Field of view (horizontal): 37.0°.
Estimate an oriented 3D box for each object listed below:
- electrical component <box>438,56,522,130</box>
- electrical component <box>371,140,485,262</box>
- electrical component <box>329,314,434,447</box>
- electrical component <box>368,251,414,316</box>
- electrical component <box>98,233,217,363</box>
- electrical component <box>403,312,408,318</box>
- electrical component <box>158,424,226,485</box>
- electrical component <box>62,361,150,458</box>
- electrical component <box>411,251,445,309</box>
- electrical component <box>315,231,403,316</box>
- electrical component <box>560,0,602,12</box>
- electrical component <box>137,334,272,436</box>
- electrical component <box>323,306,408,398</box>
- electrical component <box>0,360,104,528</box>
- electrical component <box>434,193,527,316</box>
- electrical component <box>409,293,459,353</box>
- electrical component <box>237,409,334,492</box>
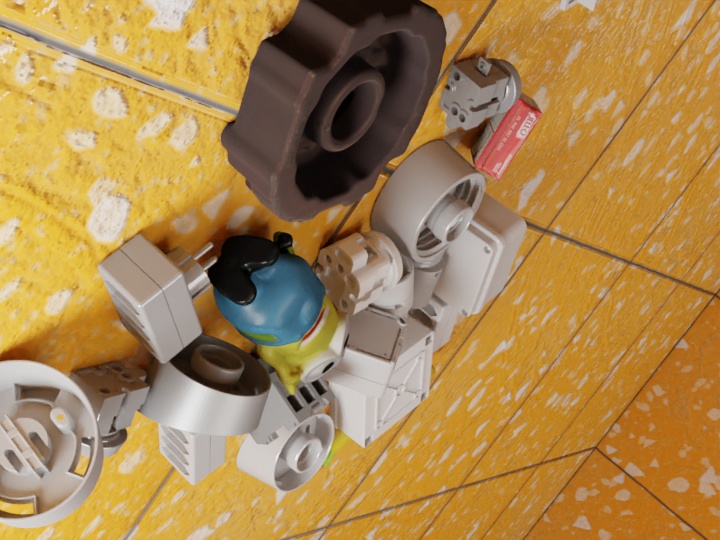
[{"bbox_3d":[0.105,-0.154,0.921,0.055,0.048,0.066,-23,146,-34],"label":"electrical component"},{"bbox_3d":[0.069,-0.057,0.981,0.108,0.060,0.108,-39,155,-23],"label":"electrical component"},{"bbox_3d":[0.022,0.114,1.140,0.109,0.056,0.108,-34,143,-33],"label":"electrical component"},{"bbox_3d":[0.025,0.011,1.015,0.055,0.055,0.047,-36,150,-29],"label":"electrical component"},{"bbox_3d":[-0.129,0.009,0.744,0.076,0.047,0.083,-41,155,-21],"label":"electrical component"},{"bbox_3d":[0.020,0.046,1.059,0.055,0.055,0.047,-30,146,-38],"label":"electrical component"},{"bbox_3d":[-0.129,0.128,0.923,0.076,0.047,0.083,-35,153,-31],"label":"electrical component"},{"bbox_3d":[-0.189,0.102,0.783,0.066,0.048,0.055,-11,128,-56],"label":"electrical component"},{"bbox_3d":[0.061,-0.005,1.066,0.043,0.043,0.081,-27,148,-42],"label":"electrical component"},{"bbox_3d":[0.000,0.000,0.949,0.057,0.058,0.078,-29,149,-35],"label":"electrical component"},{"bbox_3d":[0.186,-0.255,0.890,0.081,0.064,0.042,-38,153,-27],"label":"electrical component"},{"bbox_3d":[-0.120,0.093,0.829,0.099,0.099,0.064,-5,125,-59],"label":"electrical component"},{"bbox_3d":[-0.012,0.070,0.997,0.061,0.096,0.061,-69,176,-47],"label":"electrical component"},{"bbox_3d":[-0.216,0.114,0.691,0.099,0.099,0.064,-42,162,-19],"label":"electrical component"},{"bbox_3d":[0.112,-0.018,1.096,0.057,0.078,0.113,-36,153,-36],"label":"electrical component"},{"bbox_3d":[0.090,0.038,1.178,0.076,0.047,0.083,-32,151,-34],"label":"electrical component"},{"bbox_3d":[-0.075,0.176,1.100,0.099,0.064,0.099,-34,139,-37],"label":"electrical component"}]

* _PROBLEM REQUIREMENTS_
Using the entries above, extract exactly the span from the line with "- electrical component <box>329,314,434,447</box>" to the line with "- electrical component <box>409,293,459,353</box>", both lines included; leave out everything else.

* _RESULT OF THE TASK_
- electrical component <box>329,314,434,447</box>
- electrical component <box>368,251,414,316</box>
- electrical component <box>98,233,217,363</box>
- electrical component <box>403,312,408,318</box>
- electrical component <box>158,424,226,485</box>
- electrical component <box>62,361,150,458</box>
- electrical component <box>411,251,445,309</box>
- electrical component <box>315,231,403,316</box>
- electrical component <box>560,0,602,12</box>
- electrical component <box>137,334,272,436</box>
- electrical component <box>323,306,408,398</box>
- electrical component <box>0,360,104,528</box>
- electrical component <box>434,193,527,316</box>
- electrical component <box>409,293,459,353</box>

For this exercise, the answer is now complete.